The Exploders are an alternative rock band from Lake Bolac, Victoria, Australia.

==Biography==
The Exploders formed in 2004 and were picked up by the label Rubber Records in 2005, appearing at the Falls Festival the following year. They released their self-titled debut album on 21 March 2006. They toured extensively in 2006 and appeared as the house band on Rove Live.

In the latter half of 2006, they flew to Dallas, Texas to record their second album with producer Stuart Sikes (Modest Mouse, The White Stripes, Cat Power, Hot Hot Heat), later completing the album in Melbourne with Dave Parkin (Snowman, Bob Evans, Jebediah). The album, Easy and the Sun was released 4 August 2007.

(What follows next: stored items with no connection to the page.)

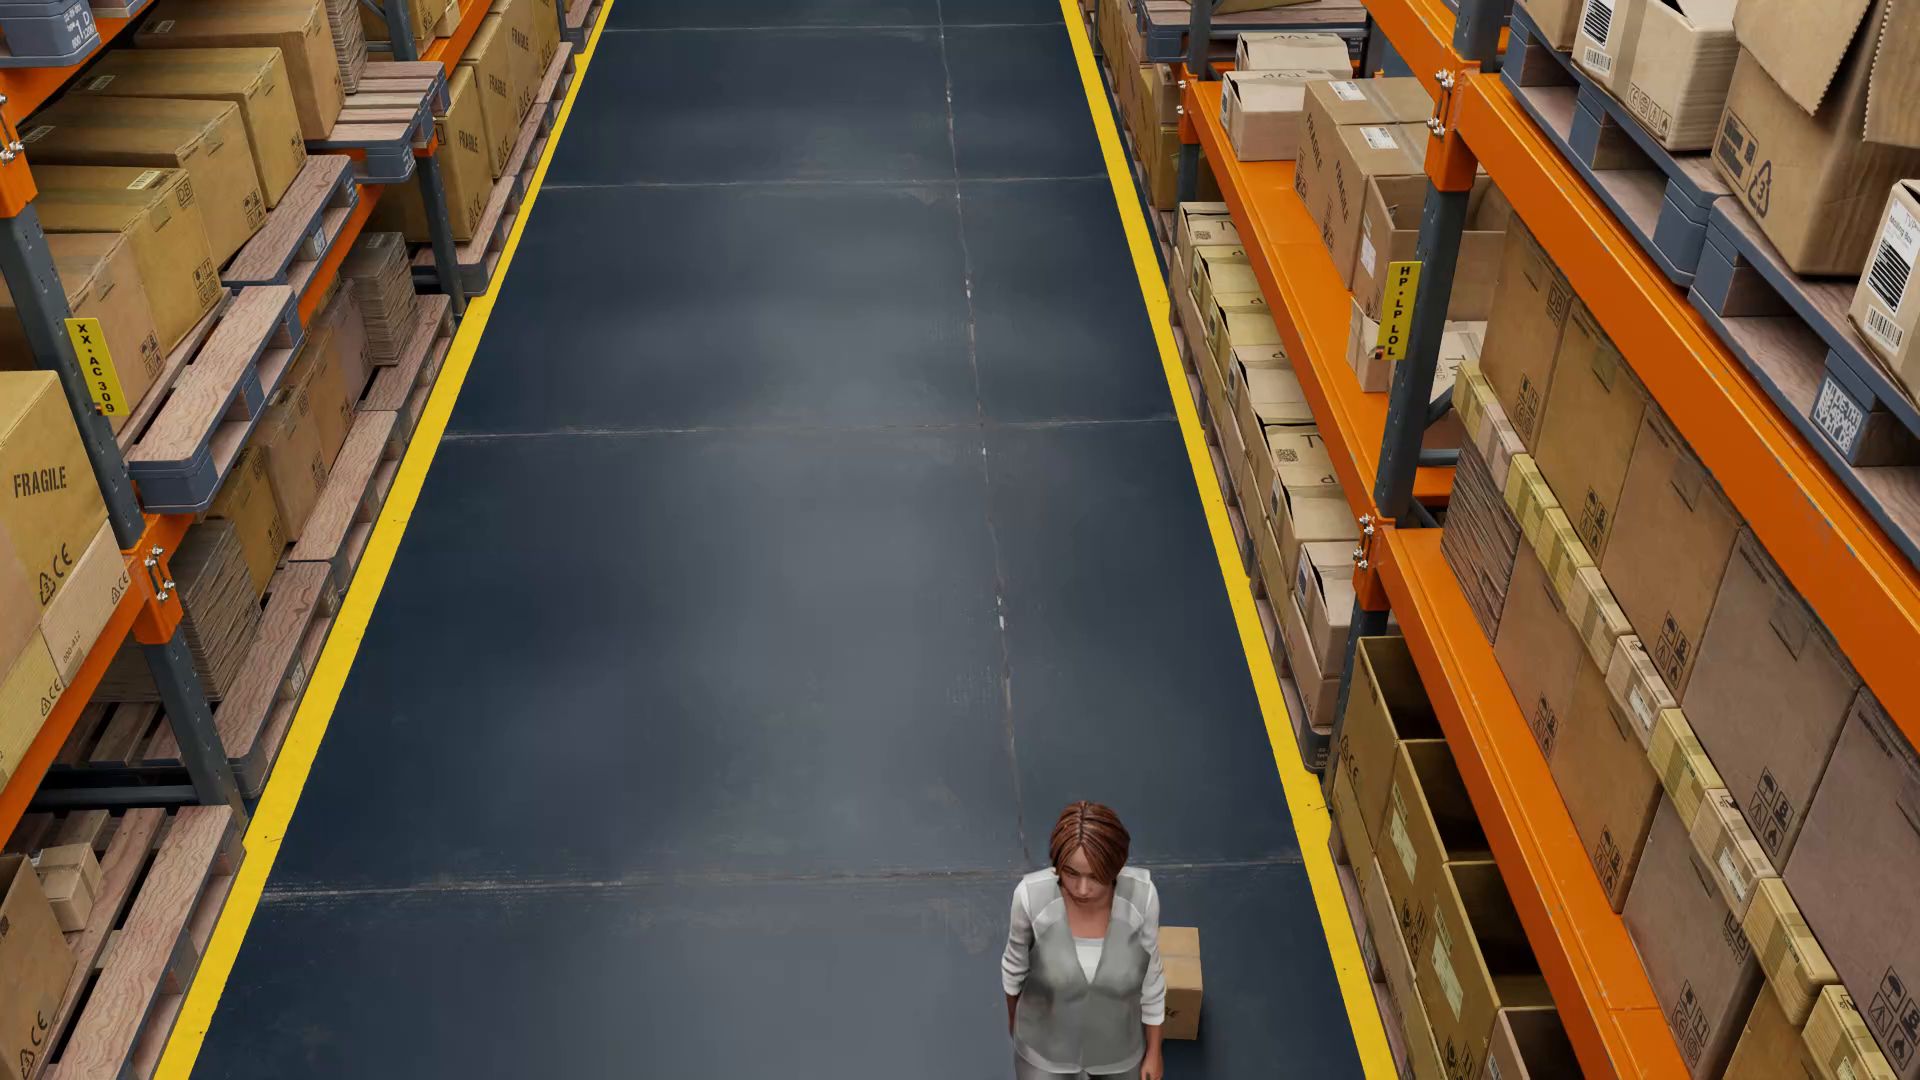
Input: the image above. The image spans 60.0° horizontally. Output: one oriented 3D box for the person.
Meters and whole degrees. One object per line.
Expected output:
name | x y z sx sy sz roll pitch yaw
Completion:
person | 0.315 1.261 4.362 0.419 1.581 0.624 -1 36 -2

They have appeared at Splendour in the Grass (2006), The Great Escape (2007), Pyramid Rock Festival (2007) and the Falls Festival (2006 & 2007). The Exploders have performed with You Am I, The Bees and The Zutons, and have undertaken national tours supporting The Panda Band, Dallas Crane and Evermore.

==Members==
- TJ Allender – guitar, vocals
- Matt Britten – drums (ex)
- J. Cortez – guitar
- Malcolm Clark – drums
- Paul Doery – bass
- Louis Macklin – keyboards

==Discography==

===Albums===
- The Exploders - Rubber Records (2006)
- Easy and the Sun - Rubber Records (2007)
- On the Farm - Rubber Records (2009)
- Orchestratospheric - Rubber Records (2012)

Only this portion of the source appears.